Os cristãos na Nicarágua enfrentam uma escalada na repressão durante os cultos religiosos, especialmente neste ano, quando a Páscoa coincidiu com o aniversário dos protestos de 2018. A polícia armada esteve presente em várias igrejas, advertindo líderes religiosos a não mencionarem presos políticos.

Na Sexta-feira Santa, a Catedral de Santiago Apóstolo, em Boaco, teve policiais da tropa de choque posicionados em frente enquanto a comunidade celebrava a Via Sacra. A Catedral de Nossa Senhora da Assunção, em Juigalpa, também reportou a presença de viaturas policiais e mídia controlada pelo Estado.

A organização Christian Solidarity Worldwide (CSW) destacou que a repressão às igrejas, tanto protestantes quanto católicas, aumentou sob o governo do presidente Daniel Ortega. O oficial de relações públicas da CSW, Ellis Heasley, afirmou que líderes religiosos que oram por paz e justiça podem ser vistos como críticos ao regime.
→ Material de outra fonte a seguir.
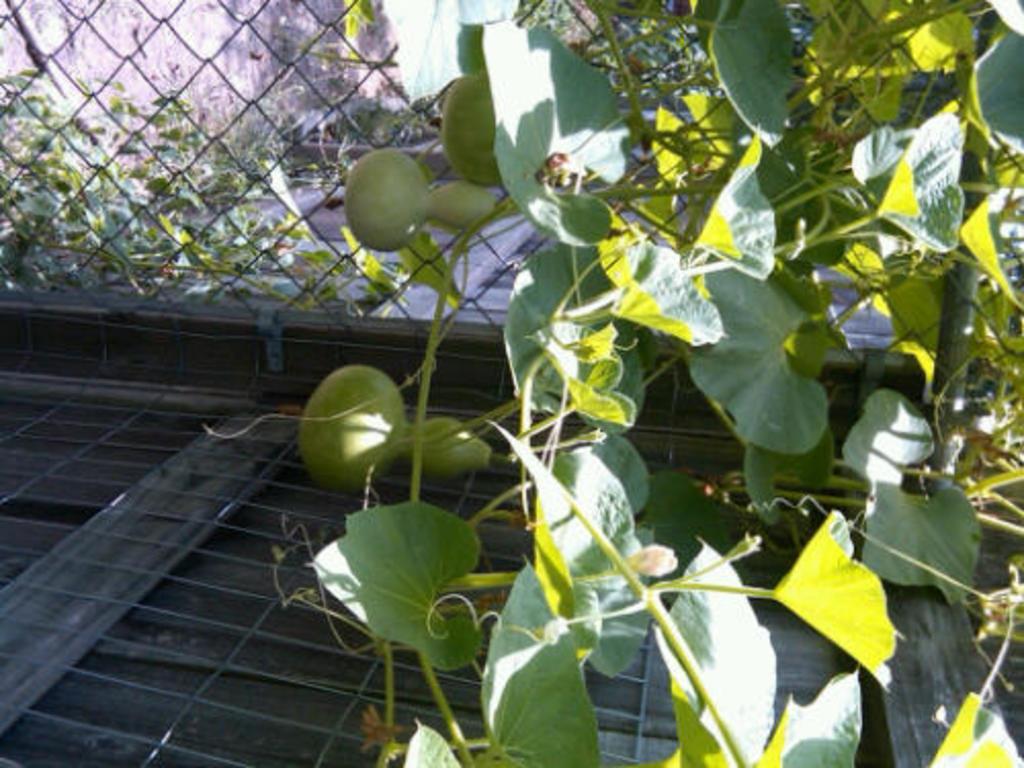How would you summarize this image in a sentence or two? On the right side of the image there is a creeper with leaves and fruits. On the left of the image there is a fencing. Behind the fencing there are leaves. 
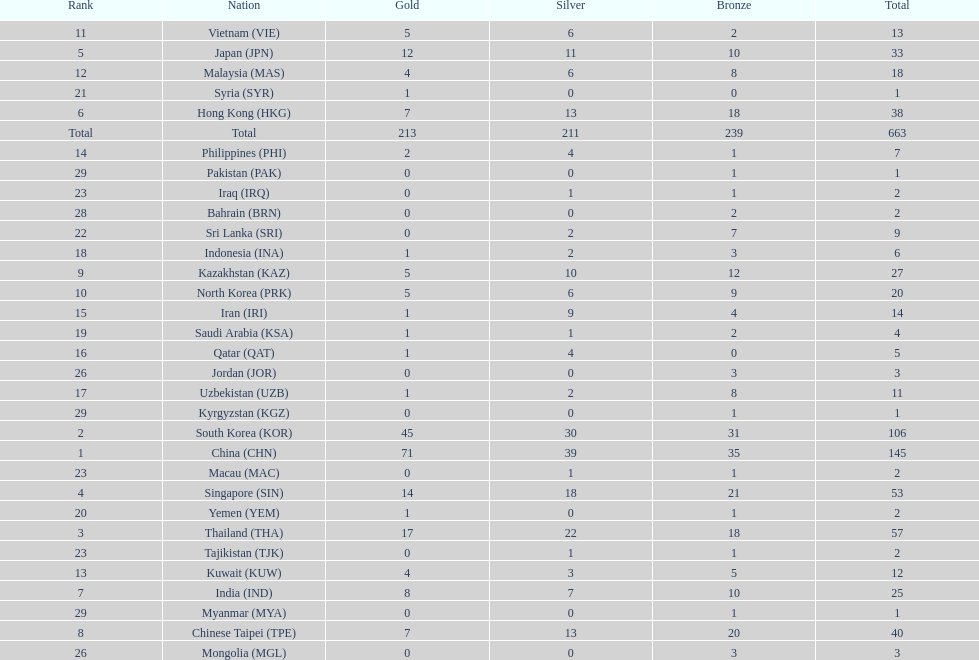What were the number of medals iran earned? 14. 
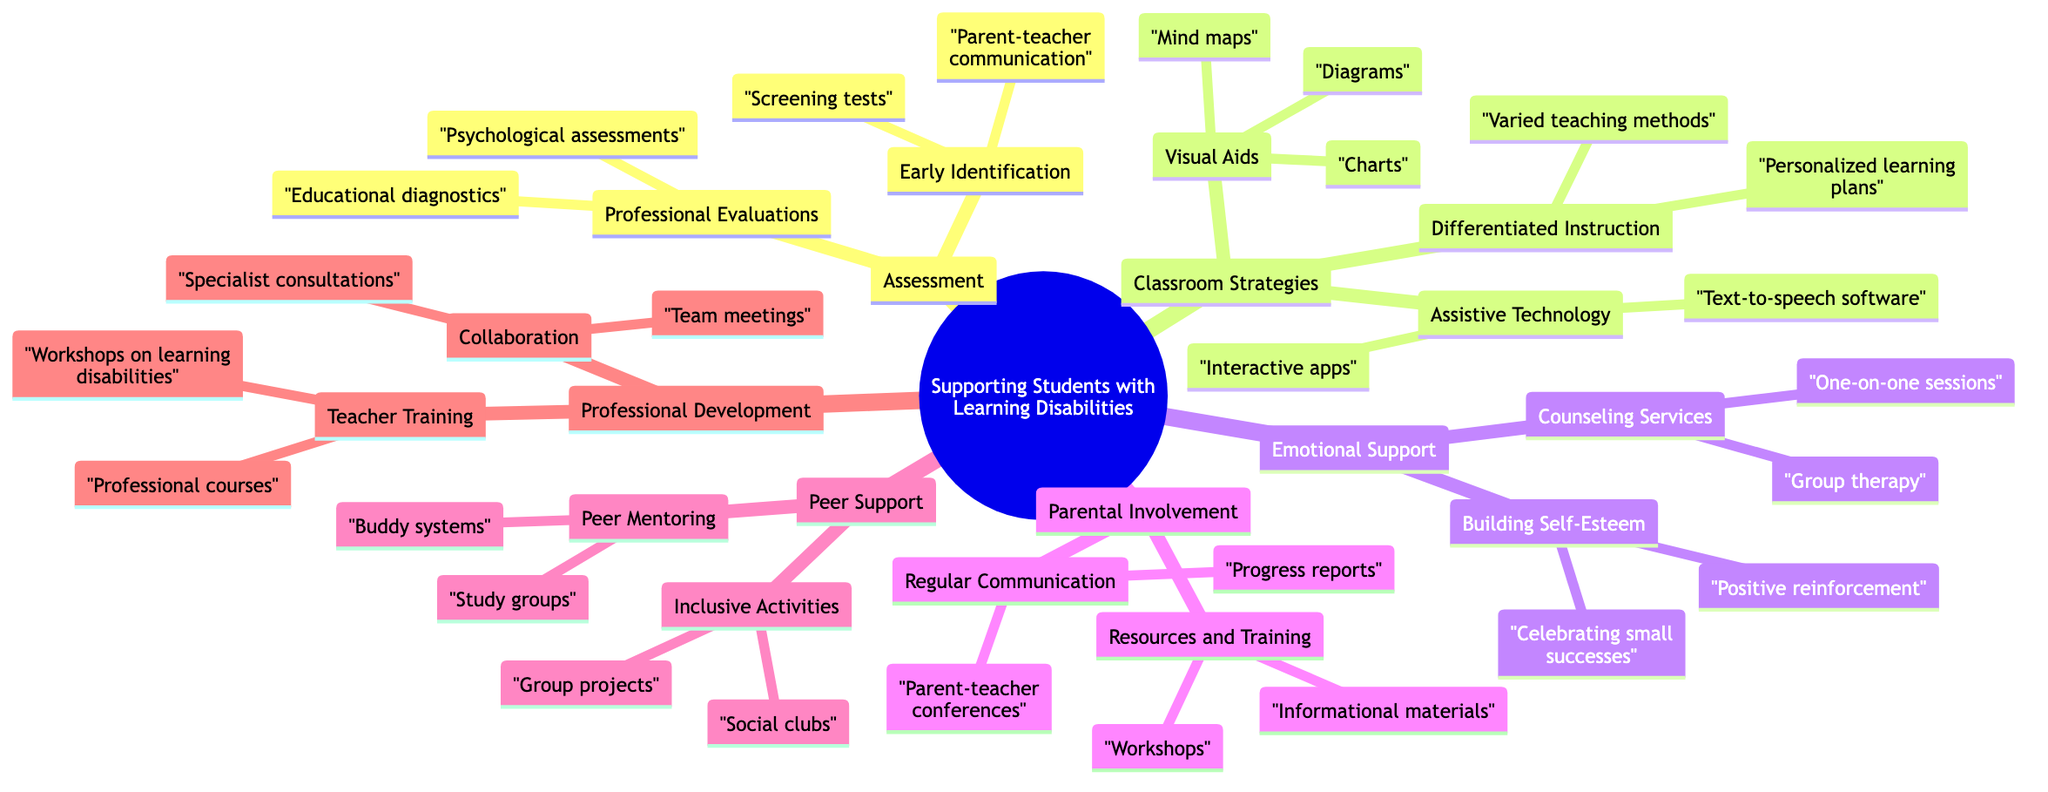What are the subcategories under Assessment? The main category 'Assessment' has two subcategories: 'Early Identification' and 'Professional Evaluations'. These are the first-level nodes directly connected to 'Assessment'.
Answer: Early Identification, Professional Evaluations How many classroom strategies are listed? The 'Classroom Strategies' category includes three subcategories: 'Differentiated Instruction', 'Assistive Technology', and 'Visual Aids'. By counting these three distinct elements, we find the quantity.
Answer: 3 What type of emotional support is mentioned? Under 'Emotional Support', two types are specified: 'Counseling Services' and 'Building Self-Esteem'. 'Counseling Services' contains further details, making them notable subcategories of emotional support.
Answer: Counseling Services, Building Self-Esteem What is included in Parental Involvement? The category 'Parental Involvement' consists of two subcategories: 'Regular Communication' and 'Resources and Training'. These are defining aspects found directly beneath this main category.
Answer: Regular Communication, Resources and Training Which assistive technology is referenced? Under 'Assistive Technology', two specific tools are listed: 'Text-to-speech software' and 'Interactive apps'. These are the detailed elements that explain what assistive technology can be used.
Answer: Text-to-speech software, Interactive apps What two types of peer support are described? The 'Peer Support' category has two component subcategories: 'Peer Mentoring' and 'Inclusive Activities'. Each of these subcategories details specific methods of peer support.
Answer: Peer Mentoring, Inclusive Activities What is the relationship between Professional Development and Teacher Training? 'Teacher Training' is a subcategory of 'Professional Development', establishing that it is one of the methods to support professional enhancement for teachers in the diagram.
Answer: Subcategory What is a method to build self-esteem in students? The 'Emotional Support' category specifies that 'Positive reinforcement' is a method used to build self-esteem. This phrase indicates a direct approach to emotional encouragement for students.
Answer: Positive reinforcement How does Differentiated Instruction assist students? Within 'Classroom Strategies', 'Differentiated Instruction' includes aspects like 'Personalized learning plans' and 'Varied teaching methods'. These methods enable tailored educational support for diverse learner needs.
Answer: Personalized learning plans, Varied teaching methods 
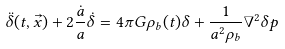<formula> <loc_0><loc_0><loc_500><loc_500>\ddot { \delta } ( t , \vec { x } ) + 2 \frac { \dot { a } } { a } \dot { \delta } = 4 \pi G \rho _ { b } ( t ) \delta + \frac { 1 } { a ^ { 2 } \rho _ { b } } \nabla ^ { 2 } \delta p</formula> 
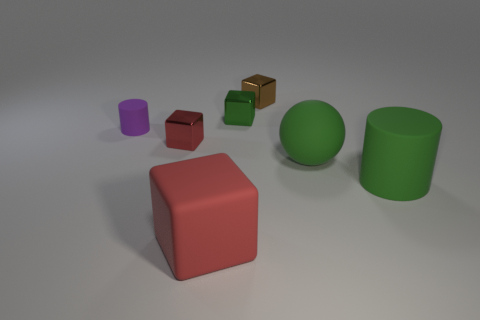Subtract all gray blocks. Subtract all green cylinders. How many blocks are left? 4 Add 1 green rubber objects. How many objects exist? 8 Subtract all cylinders. How many objects are left? 5 Subtract all tiny green metal objects. Subtract all rubber cubes. How many objects are left? 5 Add 1 small metal cubes. How many small metal cubes are left? 4 Add 3 big brown rubber cubes. How many big brown rubber cubes exist? 3 Subtract 1 brown blocks. How many objects are left? 6 
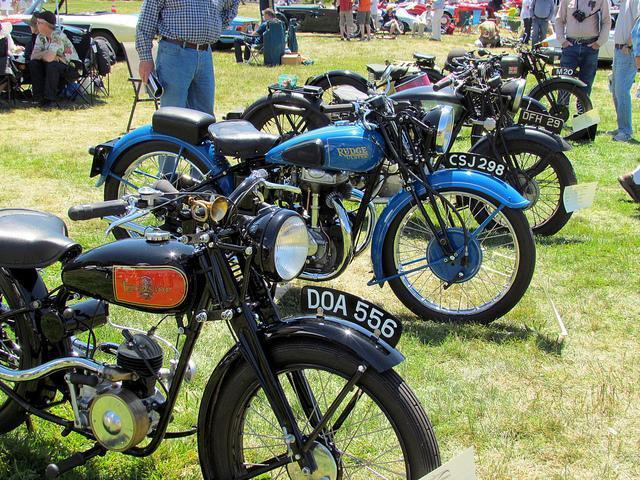How many motorcycles can be seen?
Give a very brief answer. 4. How many people can you see?
Give a very brief answer. 5.

Recentemente, o Grupo de Peritos em Direitos Humanos da ONU publicou um relatório sobre violações de direitos humanos na Nicarágua, enquanto o governo anunciou sua retirada do Conselho de Direitos Humanos da ONU. O CEO da CSW, Scot Bower, criticou a presença policial durante as celebrações religiosas, considerando-a excessiva e injustificada. Ele pediu à comunidade internacional que encontre formas de responsabilizar Ortega e seu regime pela deterioração dos direitos humanos no país.